Secure by default

Designed from the ground up with security front and center

Secure Access

Out of the box, DADI access passwords are encrypted, salted and repeatedly hashed.

Industry standard authentication practices are fully supported, including SSL and 2-factor authentication.

Granular User Access Control

DADI provides administrators with complete control over who can see and who can modify every part of a product. DADI operates based on a system of extensible user roles and access permissions.

Administrators can create user roles and give them specific, limited permissions. For example, your editorial interfaces might need an author role that can create and update content, but not publish or delete it (permissions reserved for the editor role), while administrative settings are reserved for a separate role entirely. Authenticated users can be assigned any number of roles, and their permissions are cumulative. Menu links and features are automatically hidden from users who do not have appropriate access.

Data Encryption

In high security applications, DADI can be configured for extremely strong data encryption.

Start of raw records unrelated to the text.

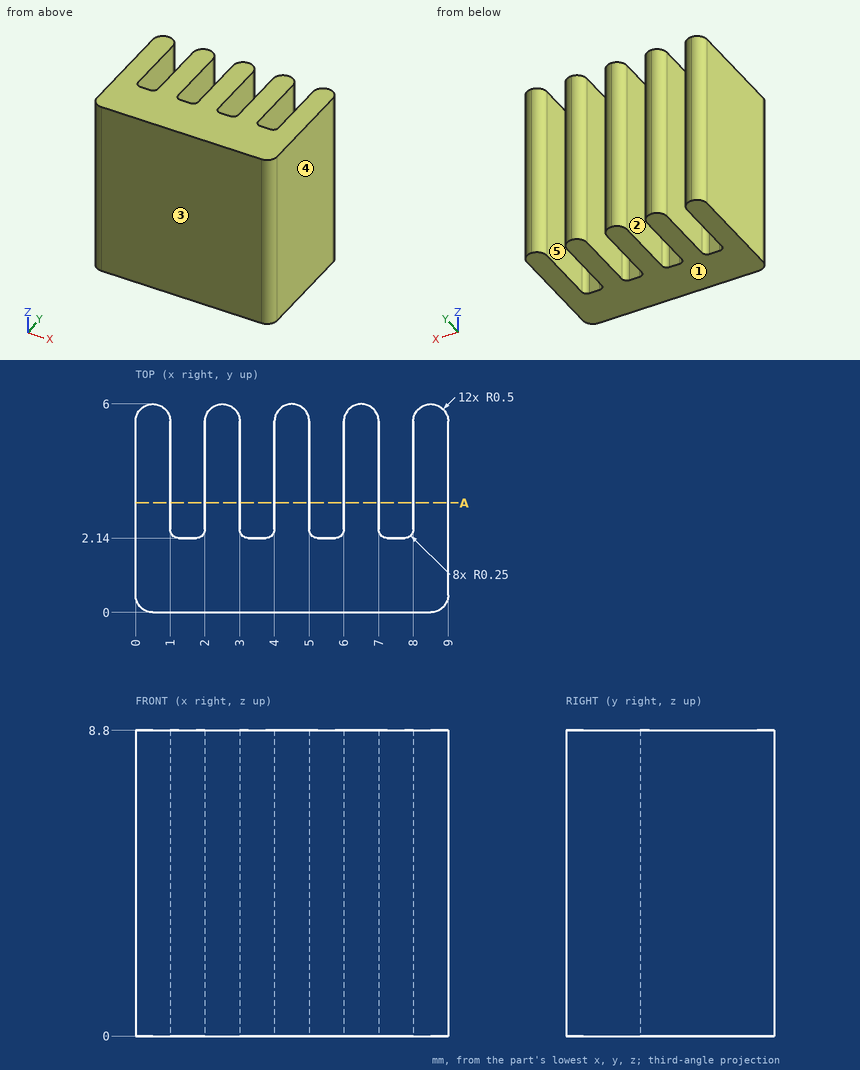
Input: dimensioned drawing with shaded views. Units: mm. Origin: part minimum x, y, z. A direction names the side the tool comes from. Coordinates: 2 decimals unless noted, no trailing zeros. Order: outer loops, then holes, each group sorted by start corner. A loop starts at its lowest first (then second) coordinate and runs counter-clockwise, first axis right, second up. Notation, with made-up numbers: M 57,41 L 80,41 A13 cw 80,57 Z; hole C 57.5,45 d6. An arc over 180 degrees is marked long. Answer as CSV lines item,"result".
Q1. Draft query along X for the marked faces 3, 4 and 5. Return one class per face: pulls with the +X half, pulls with the -X half, needs draft (parallel to the pull), parting line crosses it, or undercut.
Answers:
face 3,"needs draft"
face 4,"pulls with the +X half"
face 5,"undercut"
Q2. Set-up query: the marked faces 1 and 2. Return all of +Z, -Z, +X, -X, +Y, -Y with unobstructed straight access to the full face (end or side cutting, diameter ignored); none if empty.
Answers:
face 1,"-Z, +X, -X, +Y, -Y"
face 2,"+Z, -Z, +Y"
Q3. Section A-A on y = 3.15. Return the cut outline in (x, z), and give its area (3 significant figures).
Answers:
outline,"M 0,0 L 1,0 L 1,8.8 L 0,8.8 Z; M 2,0 L 3,0 L 3,8.8 L 2,8.8 Z; M 4,0 L 5,0 L 5,8.8 L 4,8.8 Z; M 6,0 L 7,0 L 7,8.8 L 6,8.8 Z; M 8,0 L 9,0 L 9,8.8 L 8,8.8 Z"
area,"44.0 mm^2"
Q4. First-contact query: P1, Ø0.6, axis at x = 5.5, z = 6.5, coming from the +Y side (3 decimals). Flat tip, straight axial feed; report the tip coordinate or a pass-through.
Answers:
P1,"stops at y = 2.145"
Q5. Line query: probe 1 along X at (y, z) = (2.6, 6.25); probe 2 along Y at (x, z) = (5.75, 5.5); probe 3 along Y at (x, z) = (2.25, 7). Output: solid intervals per line, ascending. Write a range as [from, to].
Answers:
probe 1,"x = [0, 1], [2, 3], [4, 5], [6, 7], [8, 9]"
probe 2,"y = [0, 2.14]"
probe 3,"y = [0, 5.93]"

When whole-database encryption is not desired, very high granularity is available to protect more specific information: user accounts, specific forms, and even the values of specific fields can be encrypted. The encryption system can be configured to pass the strictest PCI, HIPAA, and state privacy laws, including offsite encryption key management.

Preventing XSS, CSRF, and other malicious data entry

DADI’s Events layer ensures that data is validated and scrubbed before entry into your data layer. The system tests all given data to ensure that it matches prescribed, expected formats and values.

Tokens are injected into front end forms as they are generated, to protect against potential CSRF attacks.

The complete separation of concerns within DADI enables every layer within your platform - Your API, templating system, editorial interfaces, tracking tools etc. - to perform and handle security checks appropriate to their concerns independently.

Brute Force Detection

DADI protects against brute-force password attacks by limiting the number of login attempts from a single IP address and username over a predefined period of time.

Mitigating Denial of Service (DoS) Attacks

DADI supports comprehensive caching in every layer of your platform. Shared caching support via Redis, local caching and client caching approaches are all available as part of the core application set.

This multi-layered cache architecture is extremely resistant to high volumes of traffic, and makes DADI the system of choice for some of the world’s highest-traffic properties.